To verify that you mounted the shared file system correctly, assuming that cluster administrator account is egoadmin and the mount points are /dli_shared_fs and /dli_result_fs, follow these steps:

  1. Export the environment variables:
    Note: The directory specified as the shared file system must exist. Before exporting the shared file systtensem environment variable, make sure that the directory specified exists, if not, manually create it.
    export CLUSTERADMIN=egoadmin
    export ADMINGROUP=egoadmin
    export DLI_SHARED_FS=/dli_shared_fs
    export DLI_RESULT_FS=/dli_result_fs
  2. Change the ownership of DLI_SHARED_FS to CLUSTERADMIN:
    chown -Rh $CLUSTERADMIN:$ADMINGROUP $DLI_SHARED_FS
  3. Make sure DLI_SHARED_FS is owned by CLUSTERADMIN and remove all other access from DLI_SHARED_FS:
    chmod -R 755 $DLI_SHARED_FS
  4. Set the correct ownership for DLI_RESULT_FS, which is the mount point for shared result data storage:
    chown $CLUSTERADMIN:$ADMINGROUP $DLI_RESULT_FS
    chmod 733 $DLI_RESULT_FS
    chmod o+t $DLI_RESULT_FS
  5. Export DLI_DATA_FS:
    export DLI_DATA_FS=/dli_data_fs
    You must set the permission for this file system shared storage such that the deep learning workload submission user can read the files from this directory.
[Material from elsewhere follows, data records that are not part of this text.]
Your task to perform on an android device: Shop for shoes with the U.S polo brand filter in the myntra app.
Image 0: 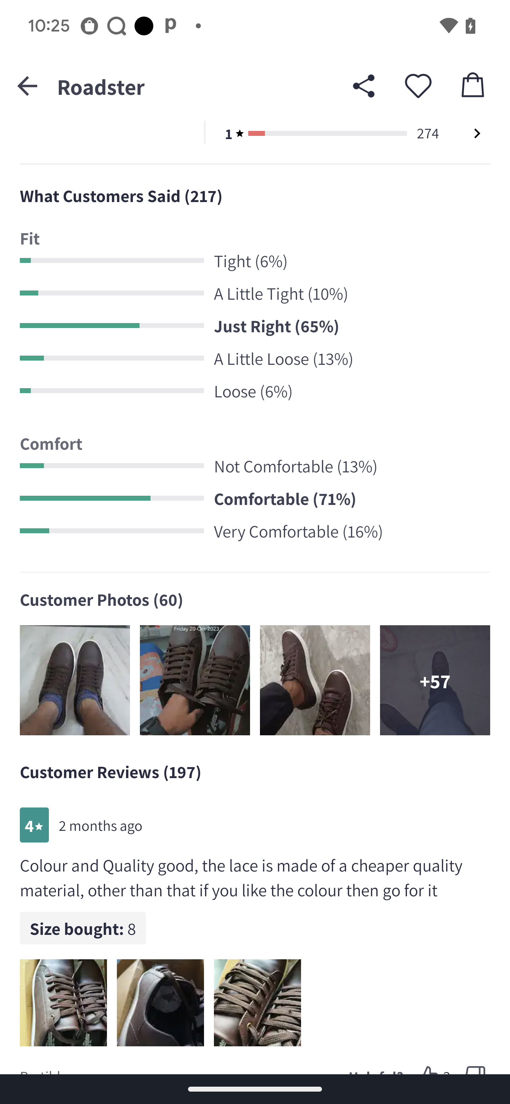
Go back to the previous page
Step 0: press back button
Image 1: 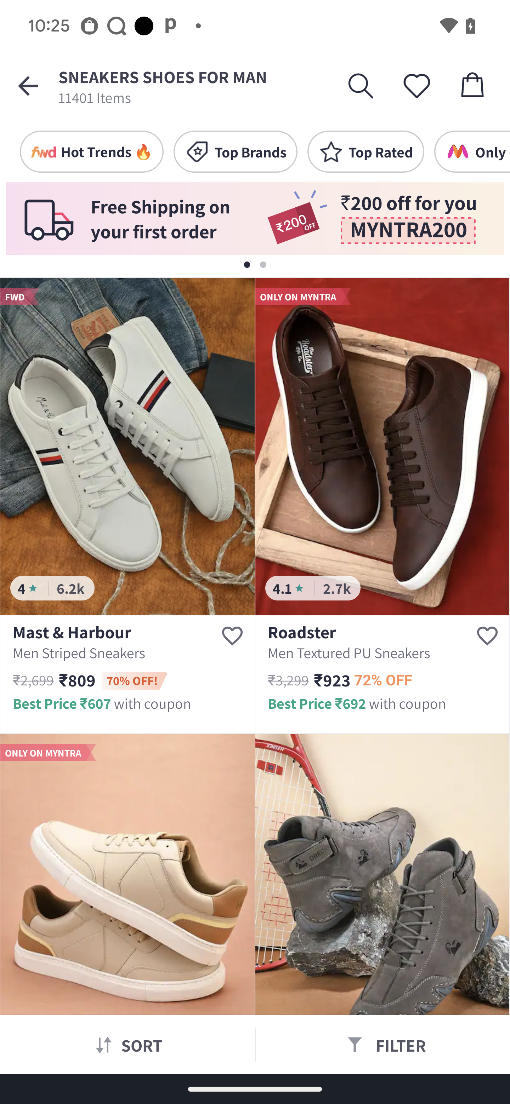
Click on the filter icon 
Step 1: click (401, 1045)
Image 2: 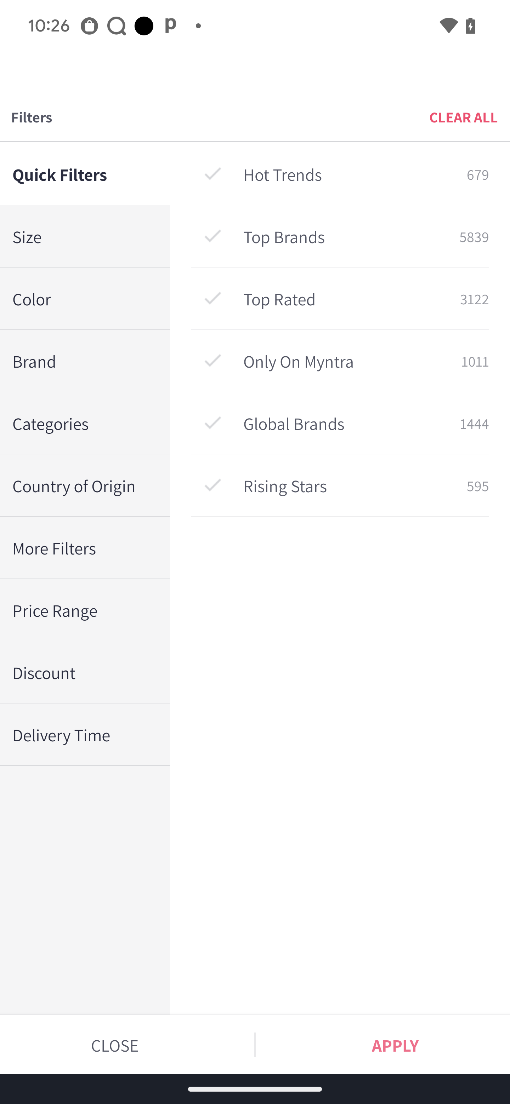
Click on the brand button
Step 2: click (79, 361)
Image 3: 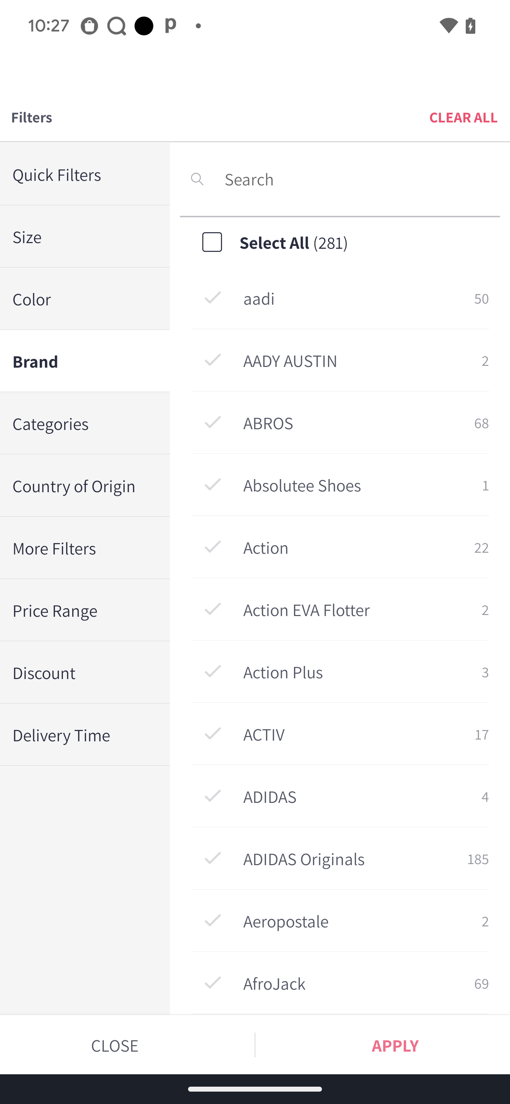
Swipe up on the screen 
Step 3: scroll down
Image 4: 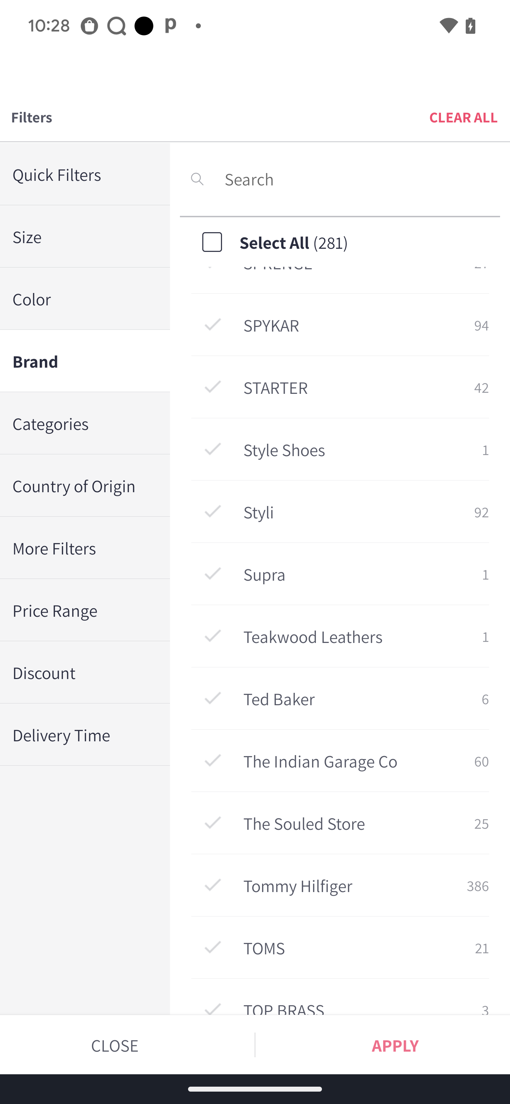
Swipe up on the screen 
Step 4: scroll down
Image 5: 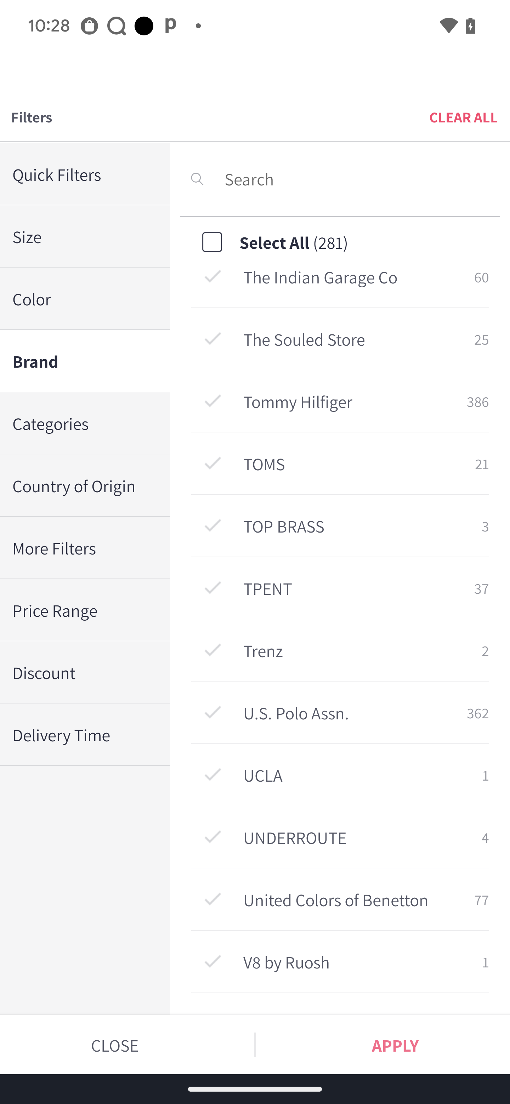
Click on the U.S polo assn. brand
Step 5: click (347, 712)
Image 6: 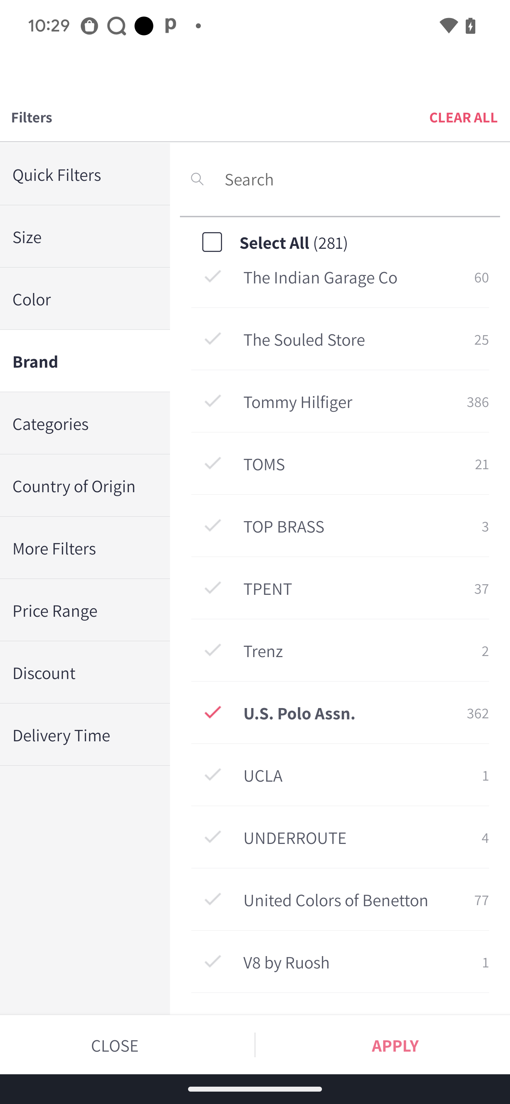
Click on the apply
Step 6: click (395, 1045)

If your are using Caffe models, the directory structure also needs to be writable. For example:
    chmod -R 755 $DLI_DATA_FS

Complete further setup steps and start installing the product

Follow the instructions in Running the Watson Machine Learning (WML) Accelerator Software Install Module to complete the system setup and start installing IBM Watson Machine Learning Accelerator.